The earthen road is a great sweep of brown that slices through the rural landscape of southern Belize. The surface is pitted and pock-marked, lumpy enough that it looks like a nutty chocolate bar. So, it’s only fitting that this path leads to Abelina Cho, known to many as the “Chocolate Queen”.

When we met, she was apron-clad in the kitchen, where she cooked with no recipes and presented the type of feast she makes whenever visitors come: shredded hearts of palm with turmeric root, tender sauteed greens, tomato salad, beans, coconut rice, spiced chicken, a heaping bowl of fried plantains. And of course, chocolate. On this day the Chocolate Queen prepared it in 14 different styles, including chocolate with cardamom, a chocolate liqueur and a hot ceremonial beverage.

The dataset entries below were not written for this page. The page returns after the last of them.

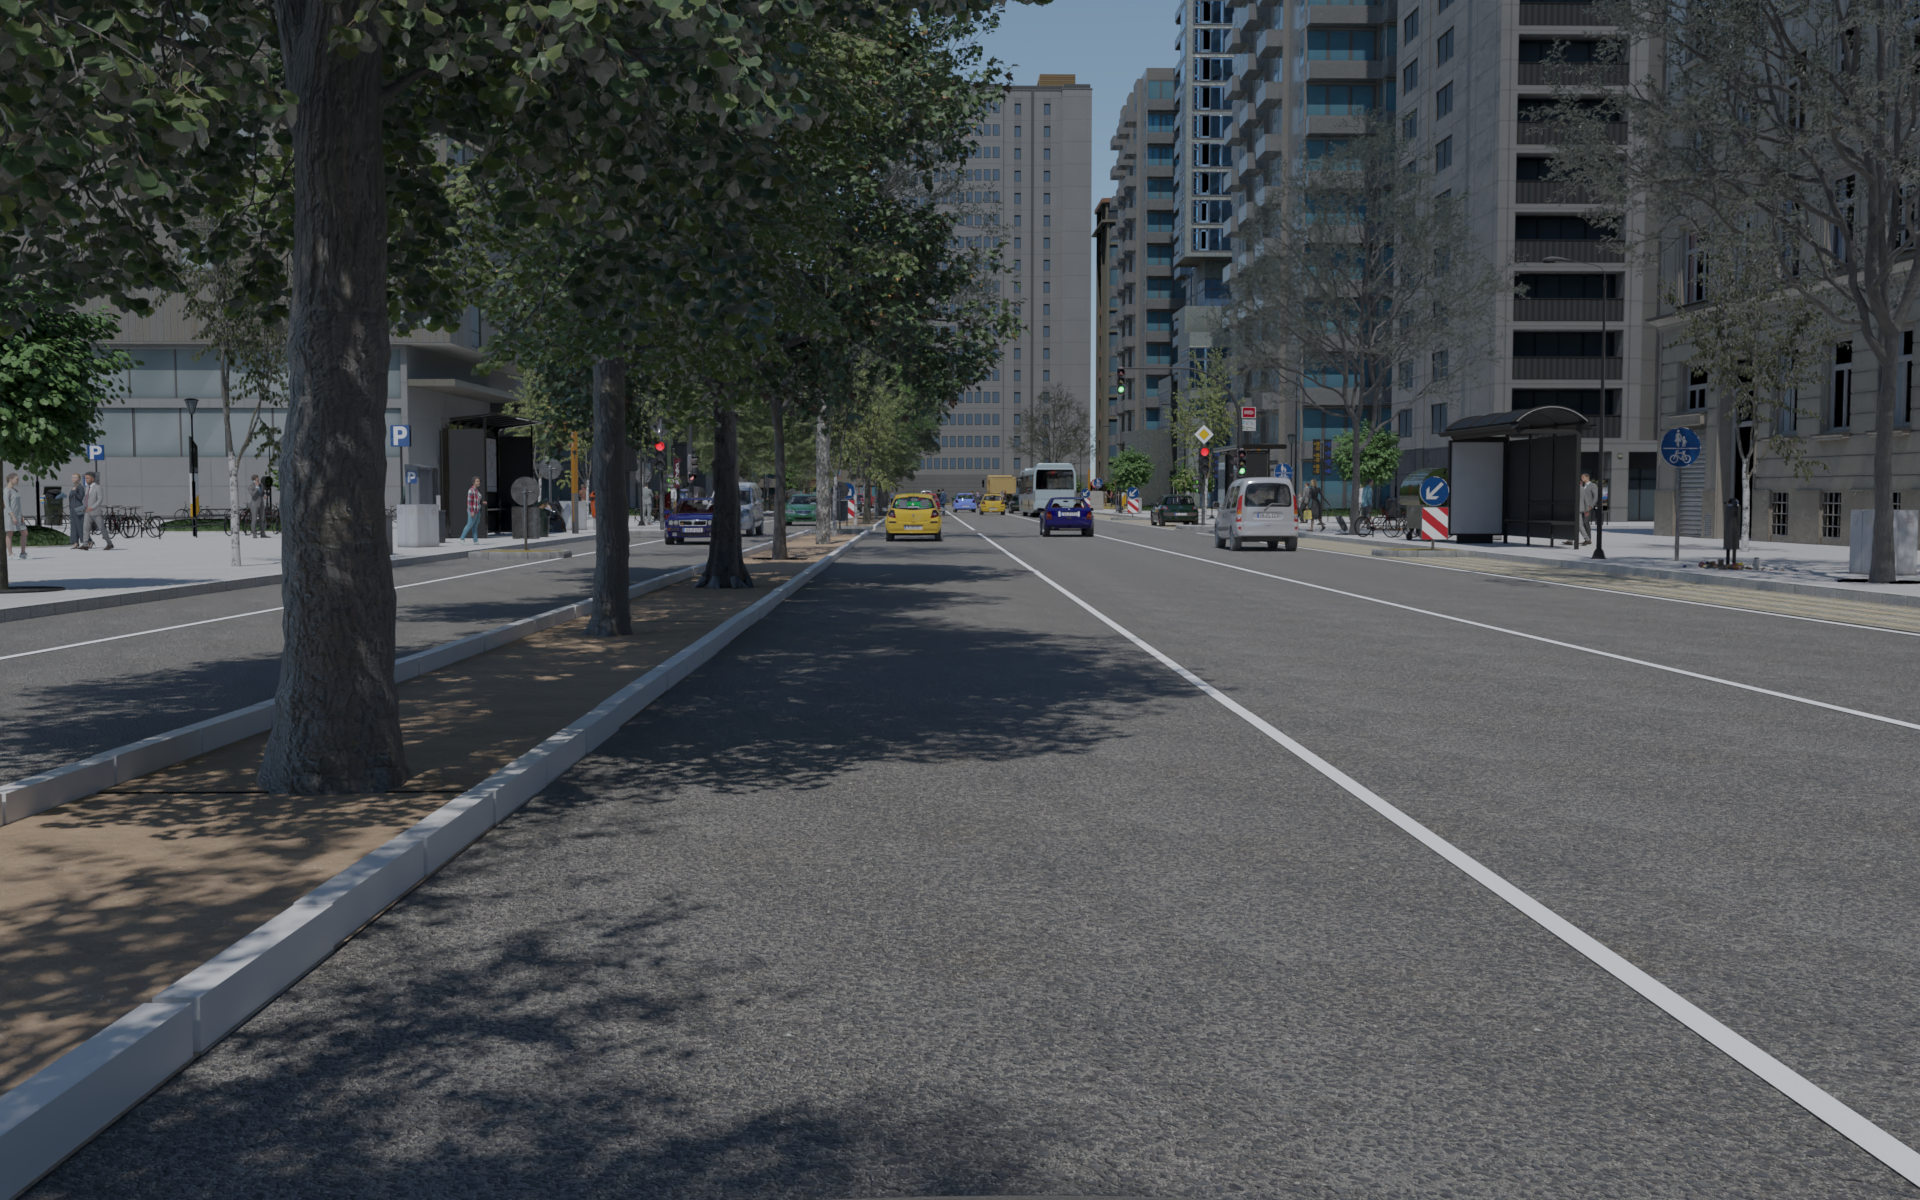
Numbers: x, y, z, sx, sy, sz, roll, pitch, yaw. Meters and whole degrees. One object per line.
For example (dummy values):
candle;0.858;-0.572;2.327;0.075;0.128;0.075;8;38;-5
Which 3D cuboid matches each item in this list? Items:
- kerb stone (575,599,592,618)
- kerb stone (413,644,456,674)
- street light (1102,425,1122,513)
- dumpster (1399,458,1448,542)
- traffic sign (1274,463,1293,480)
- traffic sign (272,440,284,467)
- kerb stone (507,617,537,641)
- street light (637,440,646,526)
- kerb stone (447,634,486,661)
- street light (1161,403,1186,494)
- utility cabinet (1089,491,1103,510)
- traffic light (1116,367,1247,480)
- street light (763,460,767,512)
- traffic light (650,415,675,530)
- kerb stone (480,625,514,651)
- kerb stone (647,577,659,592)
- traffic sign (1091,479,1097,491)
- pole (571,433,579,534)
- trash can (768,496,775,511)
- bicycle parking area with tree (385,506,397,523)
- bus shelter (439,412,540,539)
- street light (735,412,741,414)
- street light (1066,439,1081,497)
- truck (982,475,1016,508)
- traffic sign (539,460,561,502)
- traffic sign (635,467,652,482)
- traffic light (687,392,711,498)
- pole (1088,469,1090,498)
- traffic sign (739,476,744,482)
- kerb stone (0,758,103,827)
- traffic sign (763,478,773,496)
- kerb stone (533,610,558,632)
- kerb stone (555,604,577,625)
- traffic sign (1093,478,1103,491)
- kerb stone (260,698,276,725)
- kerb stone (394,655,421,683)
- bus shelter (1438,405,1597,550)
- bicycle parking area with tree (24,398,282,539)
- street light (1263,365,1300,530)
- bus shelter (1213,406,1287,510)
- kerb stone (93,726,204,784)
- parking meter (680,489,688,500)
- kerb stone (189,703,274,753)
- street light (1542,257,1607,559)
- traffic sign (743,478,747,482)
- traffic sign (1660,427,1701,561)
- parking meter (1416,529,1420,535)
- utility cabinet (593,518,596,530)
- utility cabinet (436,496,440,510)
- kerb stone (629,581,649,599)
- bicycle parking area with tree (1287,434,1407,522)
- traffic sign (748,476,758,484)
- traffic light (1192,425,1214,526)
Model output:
kerb stone;-4.454;0.118;20.264;0.120;0.150;1.000;0;4;-1
kerb stone;-4.321;0.496;14.115;0.120;0.150;1.000;0;4;-1
street light;10.279;-8.816;116.686;1.470;5.913;1.316;0;4;-1
dumpster;12.948;-2.727;47.088;1.502;2.255;1.985;0;4;-1
traffic sign;13.296;-4.352;71.254;0.768;2.556;0.104;0;4;5
traffic sign;-12.921;-2.050;33.527;0.884;2.594;0.081;0;4;2
kerb stone;-4.396;0.306;17.193;0.120;0.150;1.000;0;4;-1
street light;-12.280;-5.935;69.580;1.470;5.913;1.316;0;4;-1
kerb stone;-4.352;0.431;15.149;0.120;0.150;1.000;0;4;-1
street light;10.922;-7.078;88.264;1.470;5.913;1.316;0;4;-1
utility cabinet;10.789;-7.865;137.267;1.173;1.500;0.318;-2;4;-25
traffic light;7.941;-5.343;62.033;4.771;5.953;1.251;0;4;-1
street light;-13.648;-9.352;125.450;1.470;5.913;1.316;0;4;-1
traffic light;-10.625;-4.454;61.739;0.839;4.253;0.868;0;4;-1
kerb stone;-4.365;0.368;16.171;0.120;0.150;1.000;0;4;-1
kerb stone;-4.582;-0.195;25.386;0.120;0.150;1.000;0;4;-1
traffic sign;11.220;-8.758;143.292;0.768;2.556;0.104;0;4;2
pole;-12.438;-3.796;55.909;0.158;3.312;0.155;0;3;0
trash can;-14.065;-7.230;129.867;0.748;1.137;0.748;0;3;0
bicycle parking area with tree;-30.087;-5.539;77.564;9.016;4.147;8.231;-2;4;-29
bus shelter;-14.203;-3.768;52.882;1.731;3.624;6.357;0;4;-1
street light;-12.985;-7.644;97.515;1.470;5.913;1.316;0;4;-1
street light;9.591;-10.570;145.360;1.470;5.913;1.316;0;4;-1
truck;4.104;-10.995;175.691;3.469;3.379;9.791;0;4;-2
traffic sign;-14.194;-3.664;60.011;0.768;2.556;0.104;0;3;0
traffic sign;-15.088;-5.043;82.558;0.768;2.556;0.104;0;3;0
traffic light;-8.717;-5.819;69.805;4.771;5.953;1.251;0;4;-1
pole;10.528;-9.013;141.207;0.158;3.312;0.155;0;3;0
traffic sign;-15.870;-7.578;124.011;0.768;2.556;0.104;0;4;7
kerb stone;-4.177;0.877;7.953;0.120;0.150;1.000;0;4;-1
traffic sign;-14.888;-8.215;134.418;0.768;2.556;0.104;0;4;6
kerb stone;-4.418;0.243;18.217;0.120;0.150;1.000;0;4;-1
kerb stone;-4.440;0.182;19.239;0.120;0.150;1.000;0;4;-1
traffic sign;11.018;-8.448;138.223;0.768;2.556;0.104;0;4;2
kerb stone;-4.254;0.682;11.040;0.120;0.150;1.000;0;4;-1
kerb stone;-4.301;0.557;13.093;0.120;0.150;1.000;0;4;-1
bus shelter;13.476;-2.961;42.339;2.014;3.302;5.546;0;4;-1
bicycle parking area with tree;-25.532;-4.010;52.563;8.231;4.147;9.016;1;4;22
street light;11.535;-5.486;62.243;1.470;5.913;1.316;0;4;-1
bus shelter;12.539;-6.061;76.733;2.179;5.291;8.768;0;4;-1
kerb stone;-4.203;0.808;8.981;0.120;0.150;1.000;0;4;-1
parking meter;-13.217;-4.566;83.060;0.372;1.533;0.369;0;3;0
kerb stone;-4.229;0.748;10.007;0.120;0.150;1.000;0;4;-1
street light;12.097;-3.764;34.082;1.470;5.913;1.316;0;4;-1
traffic sign;-16.223;-8.062;131.919;0.768;2.556;0.104;0;4;7
traffic sign;13.701;-2.014;33.032;0.768;2.556;0.104;0;4;1
parking meter;14.607;-2.835;54.757;0.372;1.533;0.369;0;3;0
utility cabinet;-12.493;-3.079;61.499;1.020;1.237;0.306;0;4;-6
utility cabinet;-21.163;-3.662;71.035;0.306;1.237;1.020;-2;4;-34
kerb stone;-4.552;-0.128;24.365;0.120;0.150;1.000;0;4;-1
bicycle parking area with tree;18.460;-5.887;83.248;8.231;4.147;9.016;0;4;8
traffic sign;-14.399;-7.362;120.475;0.768;2.556;0.104;0;4;-1
traffic light;9.850;-4.972;70.205;0.839;4.253;0.868;0;4;-1

Cho lives in San Felipe, a village of 330 households and five churches. It’s located within the Toledo district, Belize’s agricultural centre, where bountiful crops include bananas and corn. Here, the soaring rainforest trees make leafy jungle canopies, the rivers run clear and thatched-roof houses of Maya families dot the hillsides. This is also the cradle of chocolate.

Cacao – the principal ingredient for chocolate – was both consumed and used as currency by ancient Maya royalty and political elites throughout the historical region of Mesoamerica, which included southern North America and most of Central America. But not all those areas were suitable for cultivating cacao.

Archaeological evidence points to Belize as the earliest hub of cacao cultivation, where Maya were drinking cacao beverages as far back as 600 BCE. Spouted ceramic vessels that look like ancient teapots, excavated intact at the archaeological site of Colha in Belize, still contain cacao residue. Cacao wood charcoal dating to the same period (600 BCE to 250 CE) has also been found at several sites throughout the region. (Cacao usage can be traced back even further to the Olmecs of southern Mexicoaround 1500 BCE, but it’s unclear how that civilisation consumed it, and it’s the Maya who are credited with fermenting, drying and grinding the beans for consumption.)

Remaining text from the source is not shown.